Now you can tune a custom LZ77 implementation to be more suited for run-length encoding as opposed to pattern matching by altering the coding scheme used for the <offset, length> pairs and literals, both in how many bits to allocate for each of that information and especially how you entropy-encode these bits.

If you expect there to be lots of runs of the same data (tile numbers or derivative) and not so much patterns found in some distances to each another, then first use the popular LZ77 scheme which uses lengths longer than the offset to indicate repetition and therefore enables runlength encoding, and then Huffman-encode the offset using for example 2 bits for the "offset = 1" case (i.e. directly following the current encoder position in the LZ77 lookahead buffer) and a 3-bit extra-bits code with 2-3 extra bits for the offset up to 13 bytes behind in the LZ77 window. Then probably a 1-bit extra-bit code with 2-3 extra bits for the length of the run.

For example, using this scheme:

## Encoding of literal

* '0' + <literal byte> <-- first 0 bit indicates "now comes a literal byte" (like LZSS does)

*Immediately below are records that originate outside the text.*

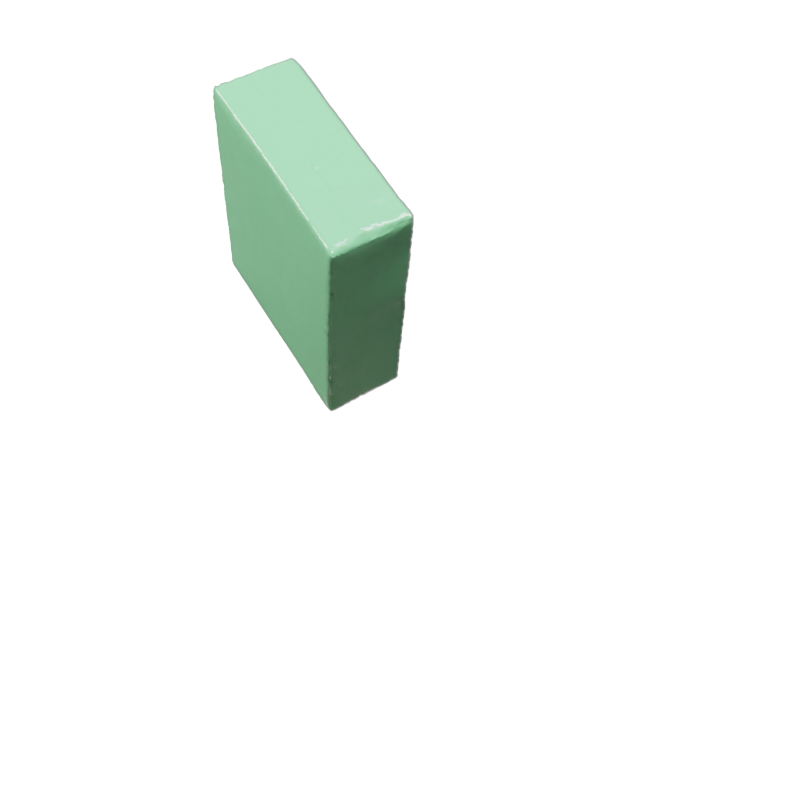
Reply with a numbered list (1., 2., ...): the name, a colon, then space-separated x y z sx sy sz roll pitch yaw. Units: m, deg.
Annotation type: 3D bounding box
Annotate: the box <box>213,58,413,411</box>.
1. box: -0.063 -0.115 0.805 0.072 0.175 0.200 -25 -27 -17
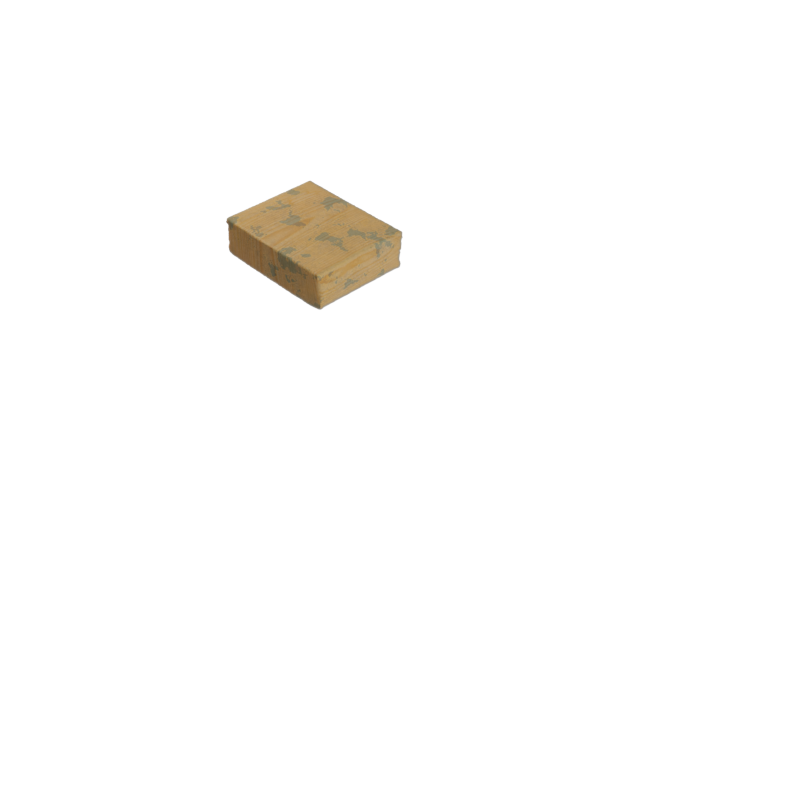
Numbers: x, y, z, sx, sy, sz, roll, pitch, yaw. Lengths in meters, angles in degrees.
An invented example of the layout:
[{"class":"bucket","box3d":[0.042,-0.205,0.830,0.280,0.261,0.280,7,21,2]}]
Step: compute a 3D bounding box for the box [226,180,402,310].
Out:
[{"class":"box","box3d":[-0.069,-0.125,0.878,0.090,0.036,0.121,-31,49,-32]}]
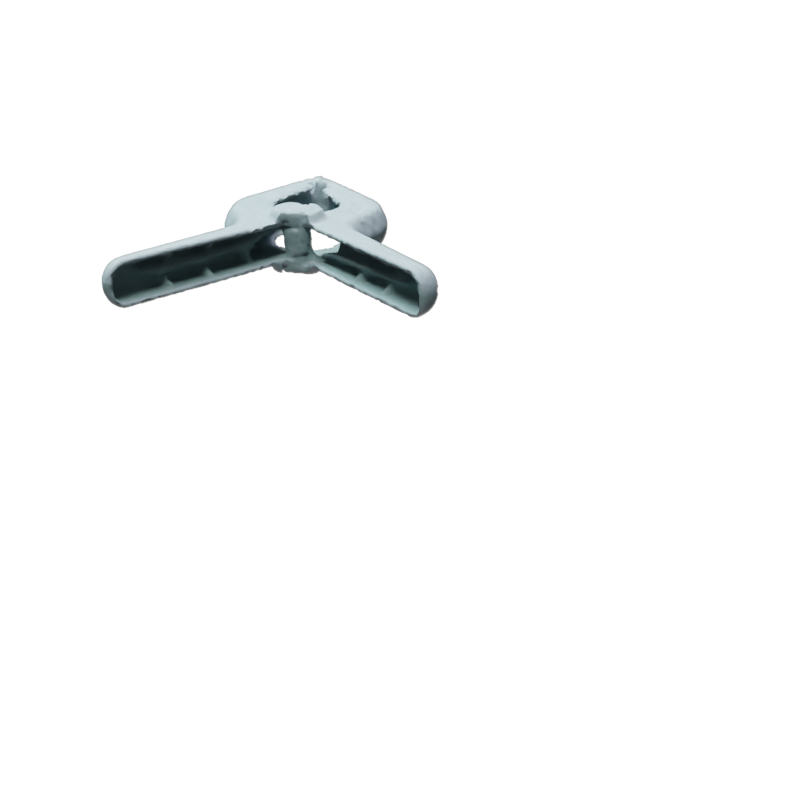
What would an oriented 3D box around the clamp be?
[{"bbox_3d":[-0.048,-0.088,0.616,0.168,0.035,0.215,5,23,12],"label":"clamp"}]
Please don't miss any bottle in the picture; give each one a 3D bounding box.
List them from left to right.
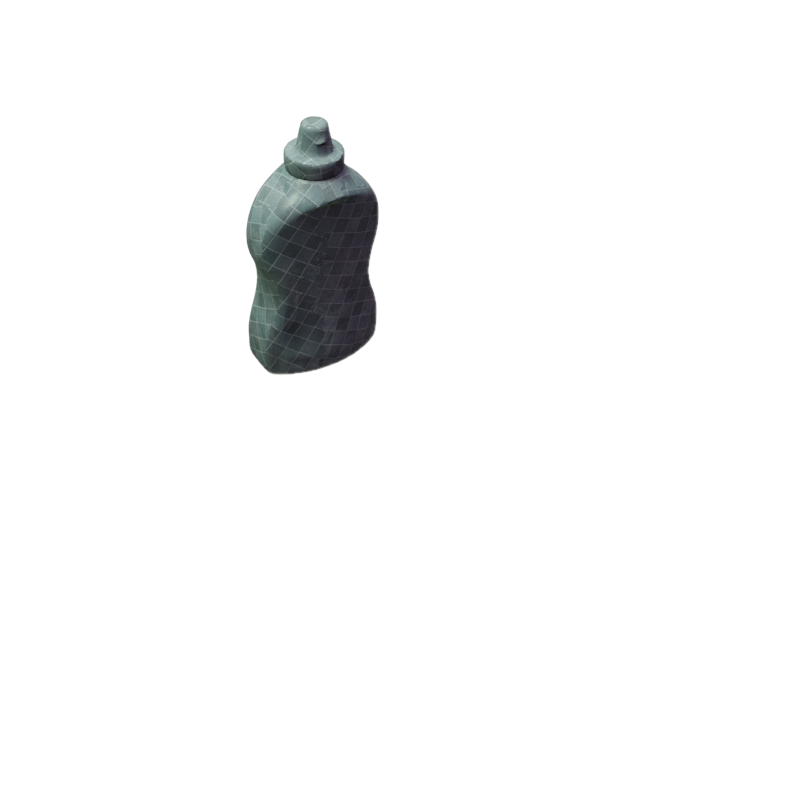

## Encoding of offsets (with always a first 1 bit to indicate "now comes <offset, length> and not literal")

* 1 = '10' <-- we expect large single-byte runs so keep it the most common and shortest case

* 2-5 = '110' + 2 extra bits

* 6-13 = '111' + 3 extra bits <-- we don't want to find recurring patterns that far behind

## Encoding of lengths

* 3-6 = '0' + 2 extra bits <-- here is where we can tweak things, too...

* 7-14 = '1' + 3 extra bits <-- ...if we expect longer runs to be more common, we just swap the intervals

This is to be efficient to represent moderately long runs of data very close to the current encoding position, but rather inefficient for patterns that are further behind in the LZ77 window (while hopefully still being more efficient than not caring about patterns at all and _just_ implementing run-length coding).

Essentially, what we want here as well is to avoid having to encode a (canonical) Huffman tree in the data as well, since the 32x32 tiles data is rather very short in total.

Next, I would encode the tile type/number completely separately from the "second layer" which you mentioned. If the latter is more constant we can make use of that by first encoding the tile type/number of all 32x32 tiles which we expect to have a higher entropy than the second layer, and then encode the second layer of all 32x32 tiles with an encoding scheme that favors low-entropy long runs even more, probably by just using run-length coding.

But we won't know what works unless there is some example data.